The Research Pivot — Temperature Optimisation
I ran a structured literature review prompt through Claude — not a casual question, but a systematic search across thermoperiodism, tissue culture temperature management, and optimal control theory in plant science. Claude synthesised findings from 60+ papers in a few hours. A human doing this manually would need weeks in a university library. The result was more interesting than I expected.
The headline finding: no published study has applied optimal control theory to TC temperature management.

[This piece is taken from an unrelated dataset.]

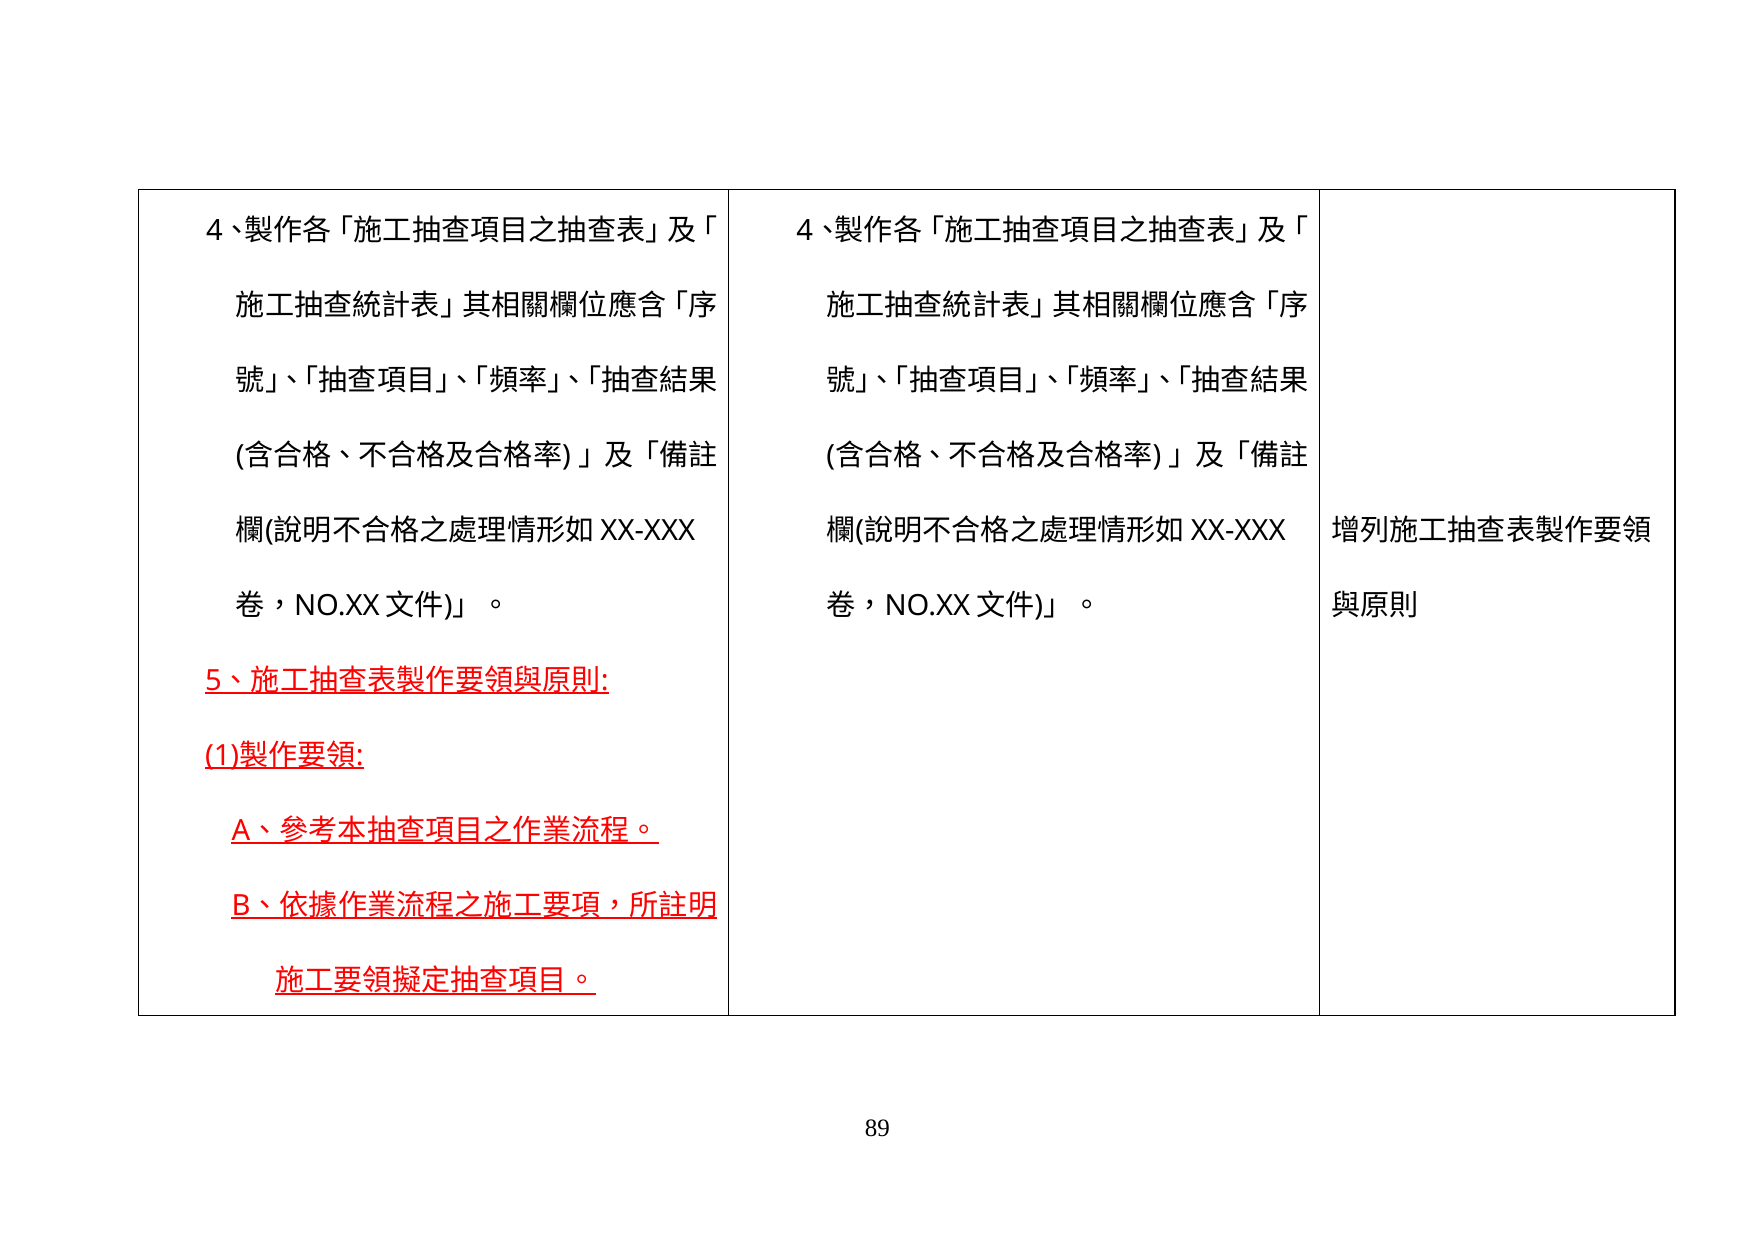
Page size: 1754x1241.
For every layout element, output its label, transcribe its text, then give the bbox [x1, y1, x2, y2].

table_cell 4、製作各「施工抽查項目之抽查表」及「施工抽查統計表」其相關欄位應含「序號」、「抽查項目」、「頻率」、「抽查結果(含合格、不合格及合格率) 」及「備註欄(說明不合格之處理情形如XX-XXX卷，NO.XX文件)」。 5、施工抽查表製作要領與原則: (1)製作要領: A、參考本抽查項目之作業流程。 B、依據作業流程之施工要項，所註明施工要領擬定抽查項目。 [139, 190, 728, 1015]
table_cell 4、製作各「施工抽查項目之抽查表」及「施工抽查統計表」其相關欄位應含「序號」、「抽查項目」、「頻率」、「抽查結果(含合格、不合格及合格率) 」及「備註欄(說明不合格之處理情形如XX-XXX卷，NO.XX文件)」。 [729, 190, 1319, 1015]
table_cell 增列施工抽查表製作要領與原則 [1320, 190, 1674, 1015]

Every lab in the world defaults to static 25°C +/- 2. The scattered studies that tested dynamic temperature regimes found dramatic improvements, but nobody connected the dots.
The evidence
The literature is thin but the results that exist are striking:
- Bennett et al. (1991) — potato microtuberisation showed a 25% yield increase simply by cycling between day and night temperatures instead of holding static 25°C.

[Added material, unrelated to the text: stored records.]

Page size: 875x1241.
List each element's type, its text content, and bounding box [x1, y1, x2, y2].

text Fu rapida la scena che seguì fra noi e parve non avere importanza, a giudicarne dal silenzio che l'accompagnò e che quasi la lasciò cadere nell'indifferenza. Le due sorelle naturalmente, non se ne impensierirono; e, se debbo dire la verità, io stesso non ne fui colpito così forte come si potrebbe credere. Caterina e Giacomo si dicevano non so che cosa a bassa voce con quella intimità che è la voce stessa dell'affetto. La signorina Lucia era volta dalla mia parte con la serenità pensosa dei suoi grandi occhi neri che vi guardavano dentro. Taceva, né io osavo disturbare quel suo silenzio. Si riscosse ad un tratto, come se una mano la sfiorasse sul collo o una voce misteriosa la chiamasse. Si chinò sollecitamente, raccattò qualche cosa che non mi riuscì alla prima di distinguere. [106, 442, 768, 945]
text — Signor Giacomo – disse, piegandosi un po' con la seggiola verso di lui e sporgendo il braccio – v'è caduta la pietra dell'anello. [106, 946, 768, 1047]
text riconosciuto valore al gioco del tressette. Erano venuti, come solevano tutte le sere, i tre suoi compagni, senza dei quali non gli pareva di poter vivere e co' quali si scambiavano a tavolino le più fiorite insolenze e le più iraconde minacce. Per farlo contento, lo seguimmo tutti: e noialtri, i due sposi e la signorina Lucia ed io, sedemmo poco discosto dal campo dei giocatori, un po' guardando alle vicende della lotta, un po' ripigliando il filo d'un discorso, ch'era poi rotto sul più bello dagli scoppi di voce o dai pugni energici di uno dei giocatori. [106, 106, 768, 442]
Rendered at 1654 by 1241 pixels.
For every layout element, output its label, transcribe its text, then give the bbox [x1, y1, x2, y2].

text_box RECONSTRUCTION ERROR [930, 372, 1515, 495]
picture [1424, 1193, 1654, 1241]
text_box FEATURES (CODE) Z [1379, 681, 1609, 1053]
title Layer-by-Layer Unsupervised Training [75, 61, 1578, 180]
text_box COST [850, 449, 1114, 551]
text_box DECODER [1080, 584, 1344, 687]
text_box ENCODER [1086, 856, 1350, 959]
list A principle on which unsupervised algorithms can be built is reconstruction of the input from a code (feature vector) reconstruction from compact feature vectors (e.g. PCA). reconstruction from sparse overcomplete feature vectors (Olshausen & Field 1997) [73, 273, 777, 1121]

- Abiri et al. (2025) — cannabis tissue culture reduced hyperhydricity (the most common cause of culture loss) from 85% to just 10% by applying a 2°C bottom-cooling differential. Hyperhydricity went from culture-killing to nearly eliminated with a temperature tweak.
- Kvaalen & Johnsen (2008) — Norway spruce showed epigenetic memory lasting 20+ years from the temperature experienced during a single developmental window in embryogenesis. The temperature during one phase of development permanently altered the tree’s cold hardiness decades later.
- The DIF framework — the day/night temperature differential (DIF) is well-studied in greenhouse horticulture for controlling stem elongation. But it has NEVER been tested in vitro, despite the molecular mechanisms (auxin transport, cell expansion) being cell-autonomous and operating at the single-cell level.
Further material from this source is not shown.